+++ Given data +++

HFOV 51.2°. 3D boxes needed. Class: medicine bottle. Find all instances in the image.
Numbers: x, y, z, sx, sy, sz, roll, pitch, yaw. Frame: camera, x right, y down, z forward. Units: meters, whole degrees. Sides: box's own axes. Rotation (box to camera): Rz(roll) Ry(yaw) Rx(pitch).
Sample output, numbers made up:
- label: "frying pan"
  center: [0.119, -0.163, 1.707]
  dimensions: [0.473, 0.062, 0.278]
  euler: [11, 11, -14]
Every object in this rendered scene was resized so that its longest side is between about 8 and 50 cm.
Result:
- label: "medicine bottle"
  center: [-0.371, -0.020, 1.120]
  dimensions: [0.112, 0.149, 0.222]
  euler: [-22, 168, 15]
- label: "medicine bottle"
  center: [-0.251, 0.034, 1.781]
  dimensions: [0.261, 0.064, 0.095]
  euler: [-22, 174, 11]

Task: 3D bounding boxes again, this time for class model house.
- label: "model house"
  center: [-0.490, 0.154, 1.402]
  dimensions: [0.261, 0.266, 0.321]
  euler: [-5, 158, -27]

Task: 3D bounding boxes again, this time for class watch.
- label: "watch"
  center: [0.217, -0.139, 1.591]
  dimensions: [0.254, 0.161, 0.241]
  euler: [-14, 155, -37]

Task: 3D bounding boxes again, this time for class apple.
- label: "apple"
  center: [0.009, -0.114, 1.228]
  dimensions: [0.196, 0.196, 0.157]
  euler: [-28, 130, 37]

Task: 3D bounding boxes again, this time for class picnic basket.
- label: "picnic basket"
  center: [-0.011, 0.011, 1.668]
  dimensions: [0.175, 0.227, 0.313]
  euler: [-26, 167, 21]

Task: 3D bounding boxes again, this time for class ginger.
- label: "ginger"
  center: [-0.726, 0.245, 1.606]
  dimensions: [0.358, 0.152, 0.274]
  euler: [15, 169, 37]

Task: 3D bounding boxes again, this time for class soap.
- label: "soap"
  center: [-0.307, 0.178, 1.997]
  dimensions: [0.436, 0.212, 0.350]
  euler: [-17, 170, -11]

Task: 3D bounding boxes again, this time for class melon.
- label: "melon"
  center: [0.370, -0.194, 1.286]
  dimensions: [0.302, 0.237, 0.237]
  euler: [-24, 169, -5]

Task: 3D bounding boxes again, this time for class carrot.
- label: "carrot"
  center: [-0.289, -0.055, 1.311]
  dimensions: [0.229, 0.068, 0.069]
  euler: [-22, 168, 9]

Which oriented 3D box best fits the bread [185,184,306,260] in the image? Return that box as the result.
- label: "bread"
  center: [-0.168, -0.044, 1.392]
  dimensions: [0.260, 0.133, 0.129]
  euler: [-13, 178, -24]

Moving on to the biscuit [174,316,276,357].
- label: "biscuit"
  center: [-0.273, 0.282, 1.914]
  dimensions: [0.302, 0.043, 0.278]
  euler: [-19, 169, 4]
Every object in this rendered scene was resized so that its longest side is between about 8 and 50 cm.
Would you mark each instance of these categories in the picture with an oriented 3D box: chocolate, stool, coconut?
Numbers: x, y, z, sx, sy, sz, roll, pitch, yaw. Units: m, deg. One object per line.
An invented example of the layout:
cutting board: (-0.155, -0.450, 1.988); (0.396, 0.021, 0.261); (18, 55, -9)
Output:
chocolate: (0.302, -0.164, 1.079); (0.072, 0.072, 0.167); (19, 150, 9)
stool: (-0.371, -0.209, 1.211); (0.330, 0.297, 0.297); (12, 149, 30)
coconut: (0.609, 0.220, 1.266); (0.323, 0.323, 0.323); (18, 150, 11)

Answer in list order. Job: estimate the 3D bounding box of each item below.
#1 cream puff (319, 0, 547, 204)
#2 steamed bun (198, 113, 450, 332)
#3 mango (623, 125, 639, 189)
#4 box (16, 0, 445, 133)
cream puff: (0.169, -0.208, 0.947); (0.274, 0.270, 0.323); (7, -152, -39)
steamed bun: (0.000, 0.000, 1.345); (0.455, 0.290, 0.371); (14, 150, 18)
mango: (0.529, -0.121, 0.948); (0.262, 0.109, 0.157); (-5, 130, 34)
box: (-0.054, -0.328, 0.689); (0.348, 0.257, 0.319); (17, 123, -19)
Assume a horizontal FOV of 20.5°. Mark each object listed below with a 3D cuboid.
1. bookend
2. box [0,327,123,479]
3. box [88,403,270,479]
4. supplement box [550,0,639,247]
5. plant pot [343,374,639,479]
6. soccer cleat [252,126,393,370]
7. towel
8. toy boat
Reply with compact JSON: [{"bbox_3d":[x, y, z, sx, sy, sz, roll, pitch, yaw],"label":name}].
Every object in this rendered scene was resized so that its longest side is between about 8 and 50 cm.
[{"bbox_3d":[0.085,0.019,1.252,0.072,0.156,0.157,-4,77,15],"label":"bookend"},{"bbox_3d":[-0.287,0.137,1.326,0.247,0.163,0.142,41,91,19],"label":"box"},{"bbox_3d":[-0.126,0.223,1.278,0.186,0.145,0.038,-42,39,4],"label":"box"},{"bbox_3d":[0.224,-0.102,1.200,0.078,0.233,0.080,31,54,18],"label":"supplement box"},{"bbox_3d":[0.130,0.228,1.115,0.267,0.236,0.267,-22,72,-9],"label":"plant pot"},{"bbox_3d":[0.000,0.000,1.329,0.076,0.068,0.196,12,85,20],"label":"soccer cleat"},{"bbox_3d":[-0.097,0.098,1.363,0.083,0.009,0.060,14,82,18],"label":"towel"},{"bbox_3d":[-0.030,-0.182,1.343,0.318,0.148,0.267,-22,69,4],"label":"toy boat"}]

+++

## Work task
Please find every line in the records above that holds the word "below" and copy it.

## Exercise result
Answer in list order. Job: estimate the 3D bounding box of each item below.
Assume a horizontal FOV of 20.5°. Mark each object listed below with a 3D cuboid.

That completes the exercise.